Key Experimental Results¶
Main Results (DiverseHumans-TestPrompts)¶
| Model | Count Acc | UFA | GIS | HPS | Average |
|---|---|---|---|---|---|
| GPT-Image-1 | 90.5 | 85.1 | 89.8 | 33.4 | 78.7 |
| DisCo (Flux) | 92.4 | 98.6 | 98.3 | 33.4 | 81.7 |
| DisCo (Krea) | 83.5 | 89.7 | 90.6 | 32.2 | 76.8 |
| Flux-Dev (Baseline) | 70.8 | 48.2 | 50.5 | 31.7 | 56.0 |
| Krea-Dev (Baseline) | 73.6 | 45.8 | 50.6 | 31.2 | 57.8 |
Ablation Study (Krea-Dev Baseline)¶
| Configuration | Count Acc | UFA | GIS | HPS |
|---|---|---|---|---|
| Baseline | 73.6 | 45.8 | 50.6 | 31.2 |
| + Intra-image Diversity | 66.2 | 78.6 | 50.8 | 31.7 |
| + Group-level Diversity | 67.3 | 80.2 | 72.5 | 32.0 |
| + Counting Control + HPS | 79.2 | 82.6 | 73.7 | 32.4 |
| + Curriculum Learning (Full DisCo) | 83.5 | 89.7 | 90.6 | 32.2 |
Key Findings¶
- Global Identity Collapse: Using only intra-image diversity rewards improved UFA from 45.8% to 78.6%, but GIS remained virtually unchanged (50.6→50.8). Adding group-level rewards significantly boosted GIS to 72.5%, proving that cross-sample diversity is an independent and vital objective.
- Reward Hacking: Diversity rewards caused drop in counting accuracy (73.6→66.2) as the model attempted to generate fewer people to avoid penalties.

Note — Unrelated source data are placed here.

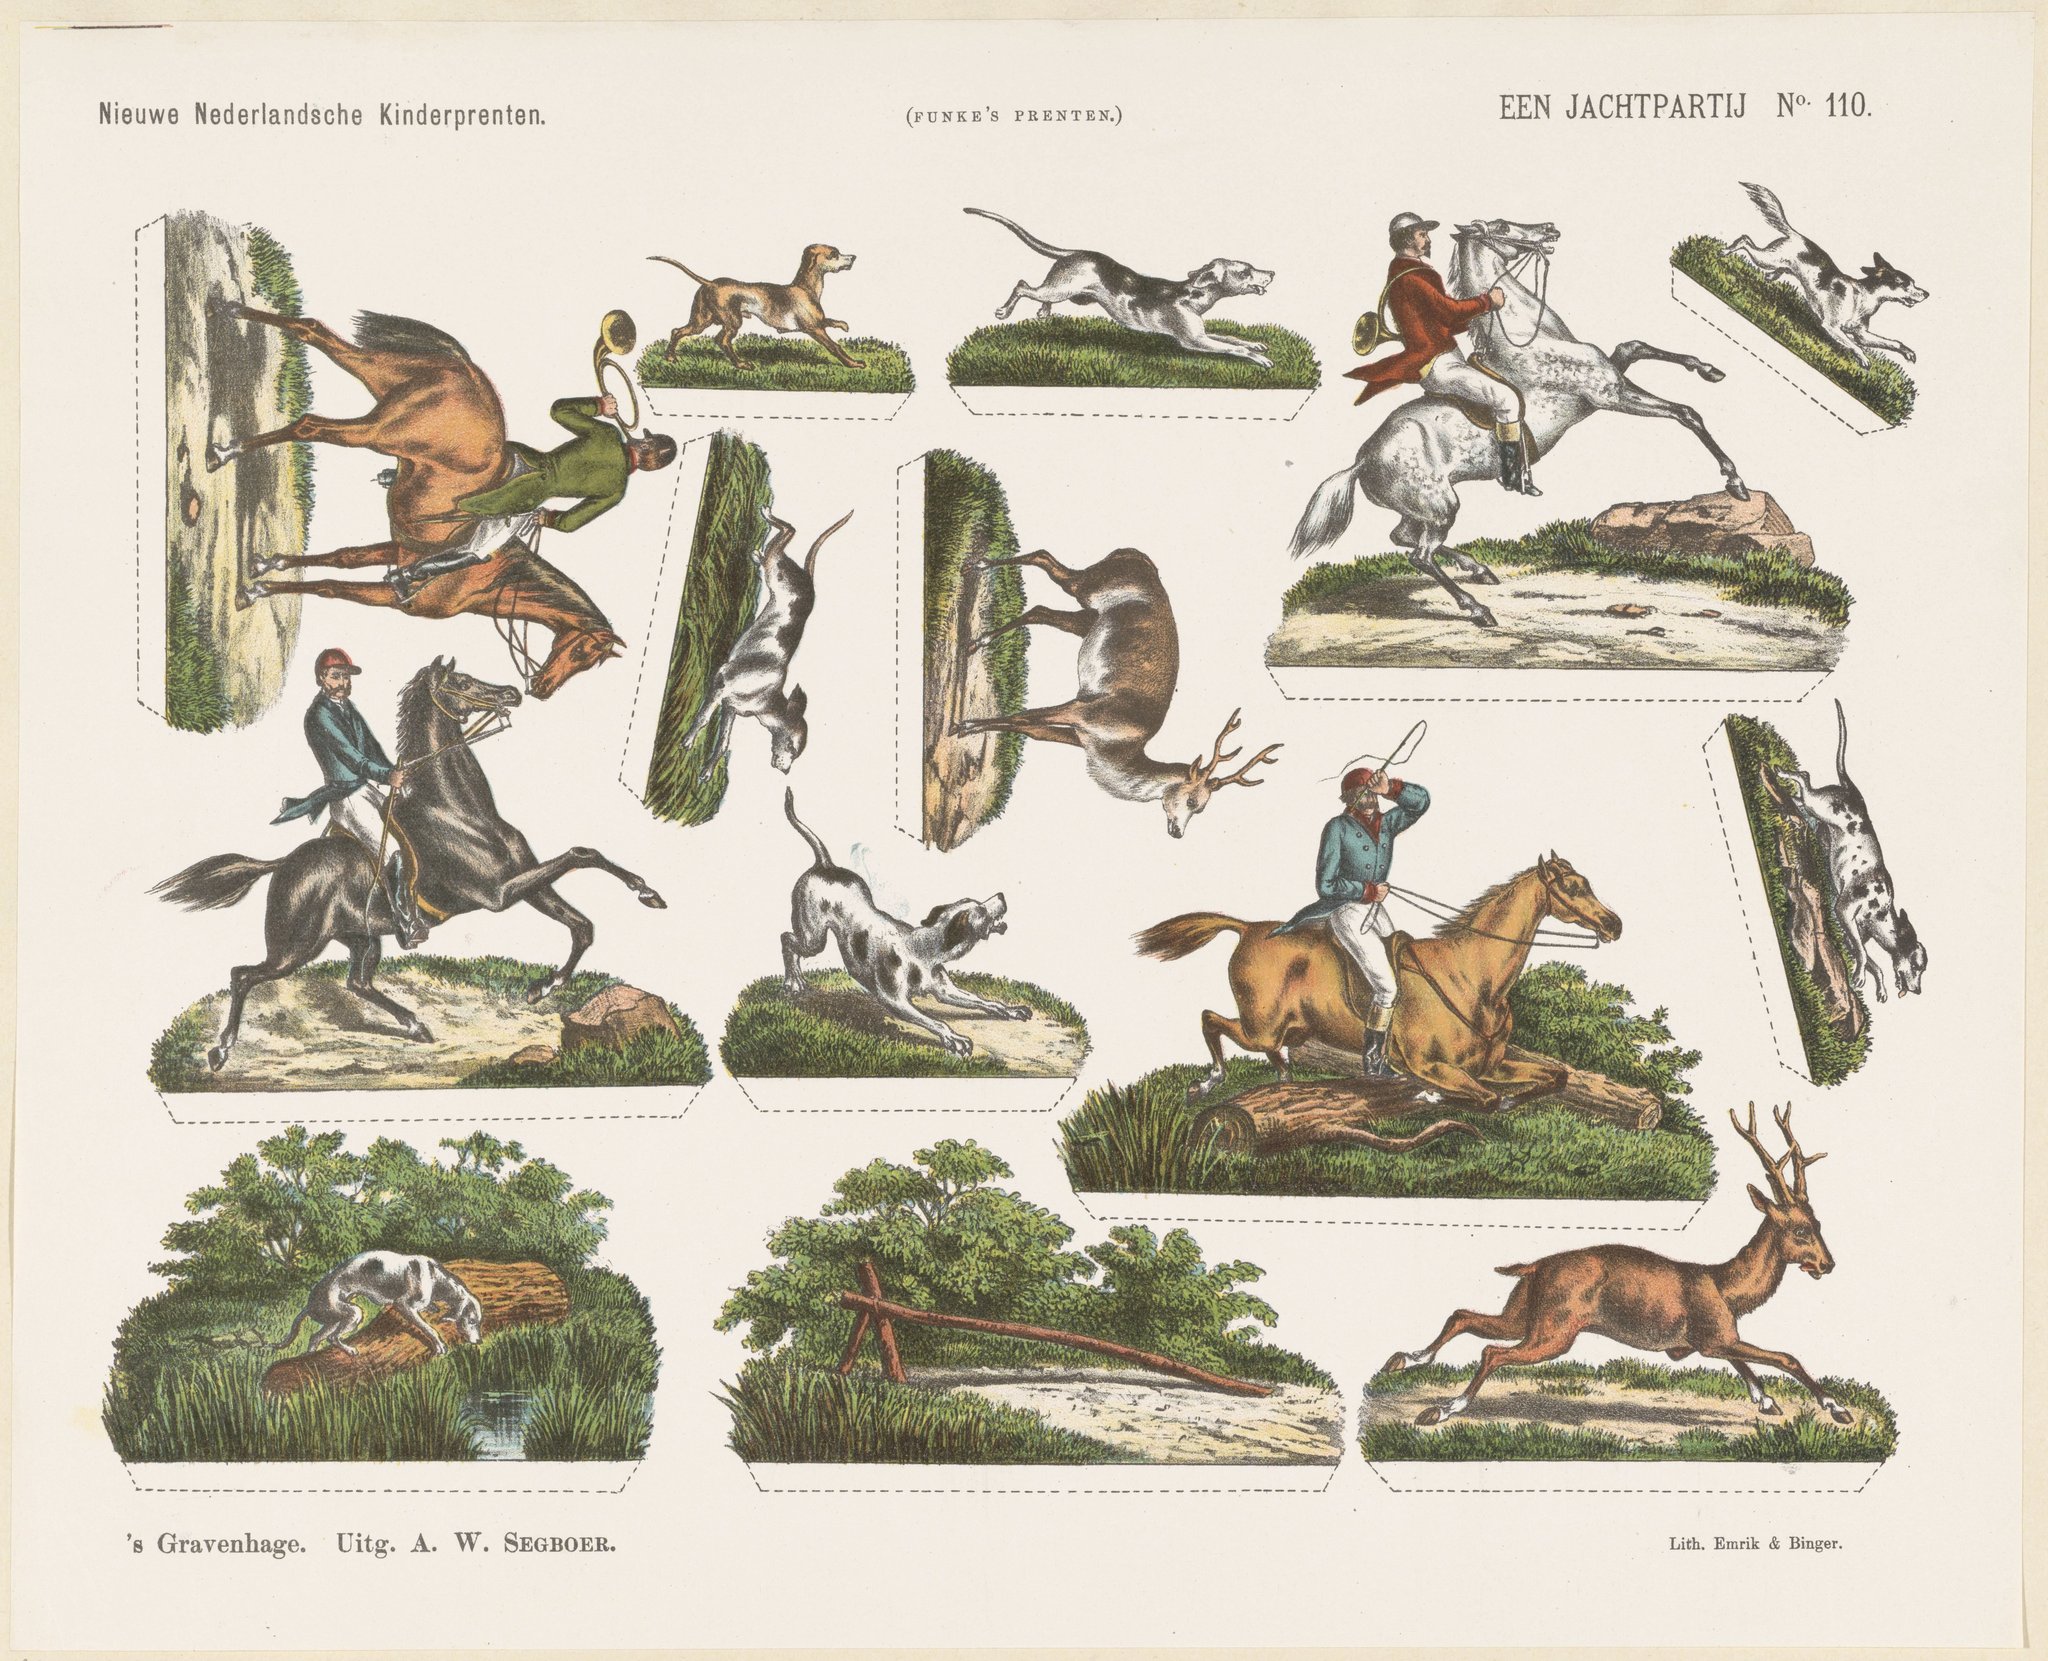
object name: print
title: Nieuwe Nederlandsche kinderprenten
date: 1903-1919
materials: paper
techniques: lithograph, letterpress printing
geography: the hague
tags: hunting dogs, hunter, hunters hunting (n.b.: in 1988-1990 this notation denoted the concept of 43c11421 'hunters resting during the hunt'), hunt ~ mammals
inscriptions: collector's mark: Lugt 2760
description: Blad met 14 voorstellingen van jagers te paard, jachthonden en herten om uit te knippen. Genummerd rechtsboven: No. 110.
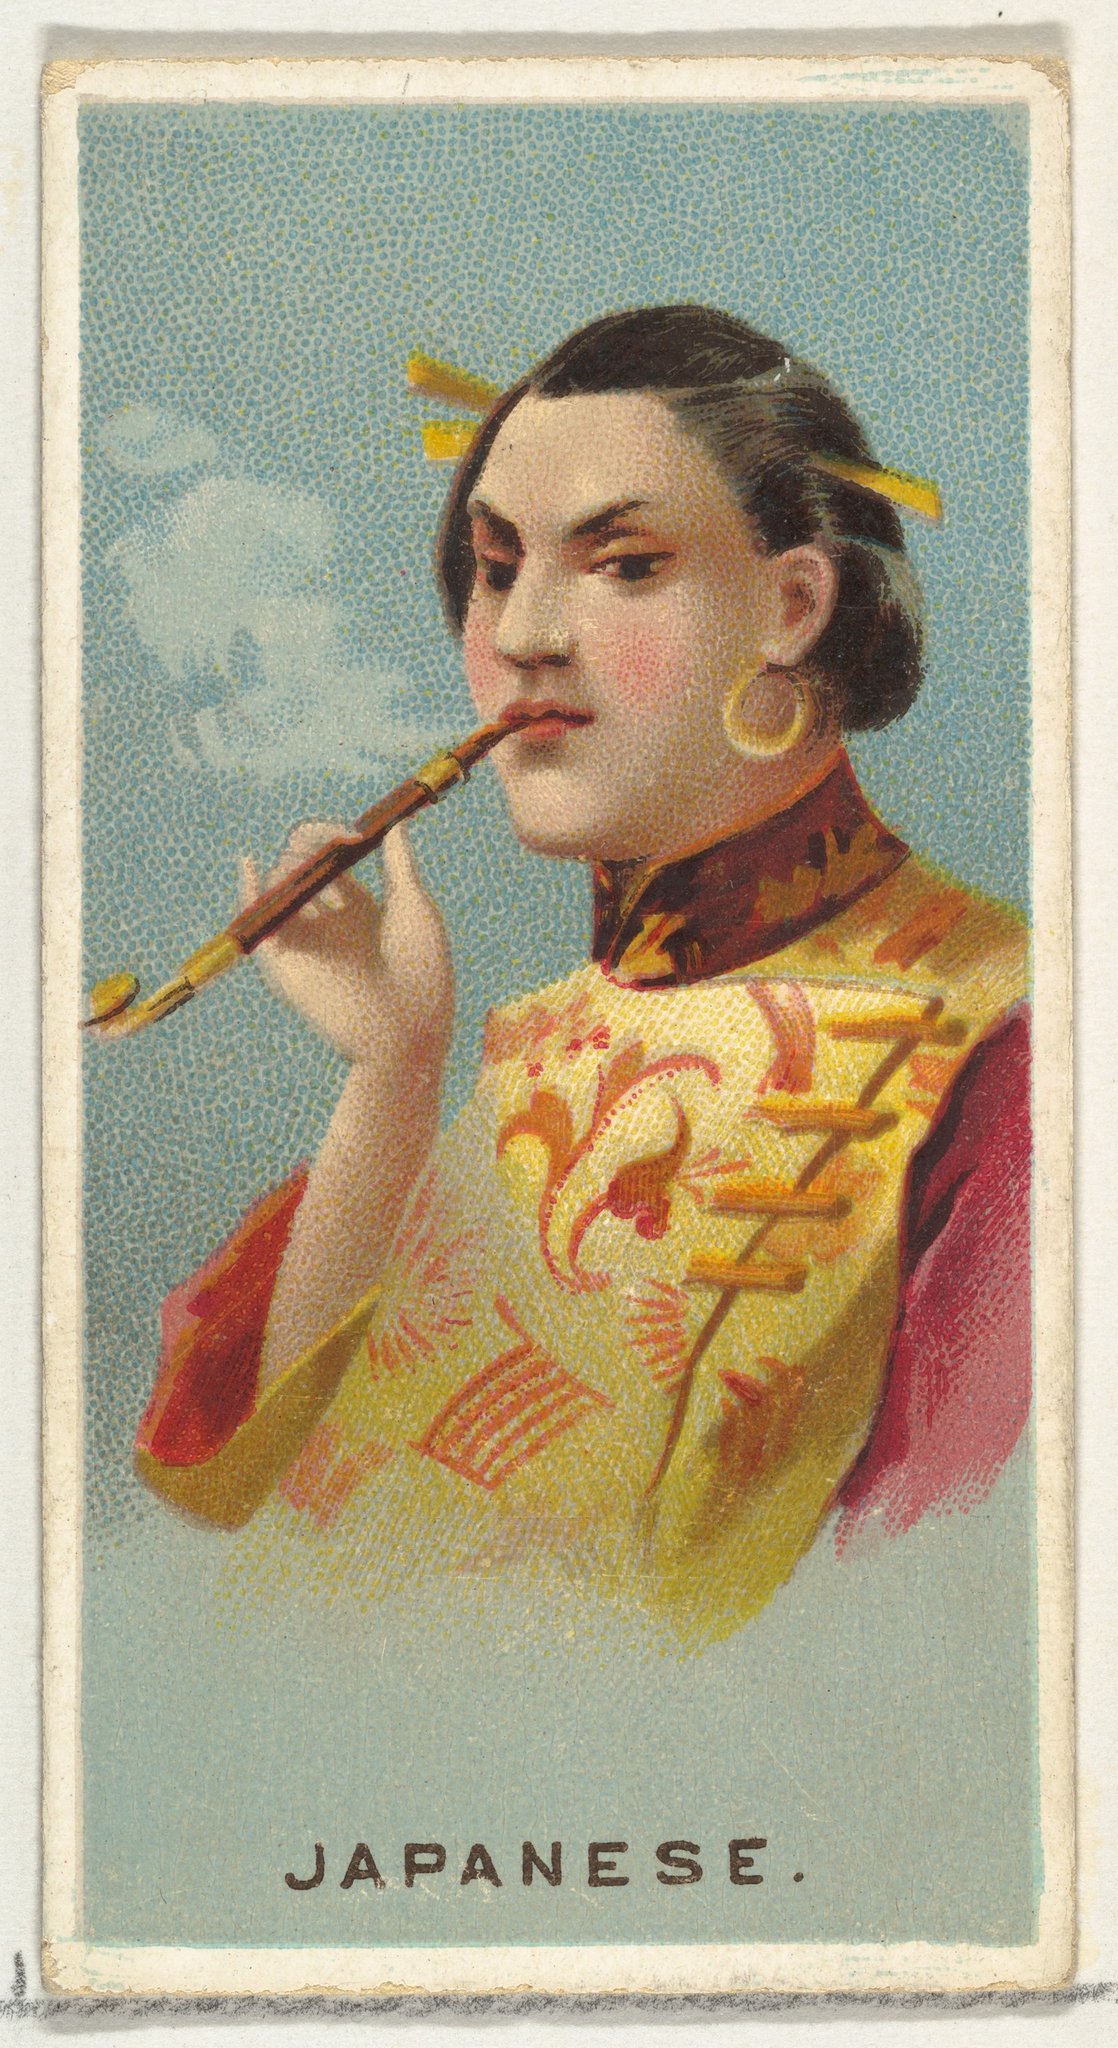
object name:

The counting reward effectively resolved this issue.
- DisCo outperforms closed-source models: Ours significantly exceeds GPT-Image-1 in UFA (98.6% vs 85.1%) and GIS (98.3% vs 89.8%) while maintaining quality (HPS).
- Curriculum Learning is Essential for Expert Models: Krea-Dev requires curriculum learning for convergence, whereas the general model (Flux-Dev) is less dependent on it.
Highlights & Insights¶
- The group-level counterfactual reward design is clever—it translates non-differentiable set-level diversity into single-sample attribution signals. This approach is applicable to any RL scenario requiring set-level optimization.
- The framework identifies and addresses three types of reward hacking in RL fine-tuning: undercounting, grid-like artifacts, and prompt drifting.
- Zero-annotation Training: The pipeline requires no human-labeled real data, relying solely on GPT-5 generated prompts and pre-trained face detection/recognition models as reward signals.
Limitations & Future Work¶
- Reliance on RetinaFace and ArcFace means detection/recognition errors (e.g., side profiles, occlusions) can affect results.
- Focus is limited to facial identity diversity; other attributes like body type or age distribution are not explicitly optimized.
- Training prompts only cover 2-7 people; generalization to larger crowds is unverified.
- Extension to multi-character consistency in video generation remains unexplored.
Related Work & Insights¶
- vs Flow-GRPO: DisCo builds upon Flow-GRPO but introduces identity-specific rewards. Flow-GRPO focuses on generic alignment and quality.
- vs MultiHuman-TestBench: While MultiHuman-TestBench (NeurIPS 2025) identified biases in multi-person generation, it did not provide a solution. DisCo serves as a direct solution to those identified issues.
- vs Adversarial Training: DisCo uses RL fine-tuning rather than adversarial training, allowing more flexible optimization of multiple heterogeneous and non-differentiable objectives.
Rating¶
- Novelty: ⭐⭐⭐⭐ First to explicitly optimize identity diversity; original counterfactual group reward design.
- Experimental Thoroughness: ⭐⭐⭐⭐⭐ Evaluated on multiple test sets and baselines (including closed-source) with extensive ablation.
- Writing Quality: ⭐⭐⭐⭐ Clear problem definition and deep analysis of reward hacking.
- Value: ⭐⭐⭐⭐ Solves a significant practical problem with a scalable method.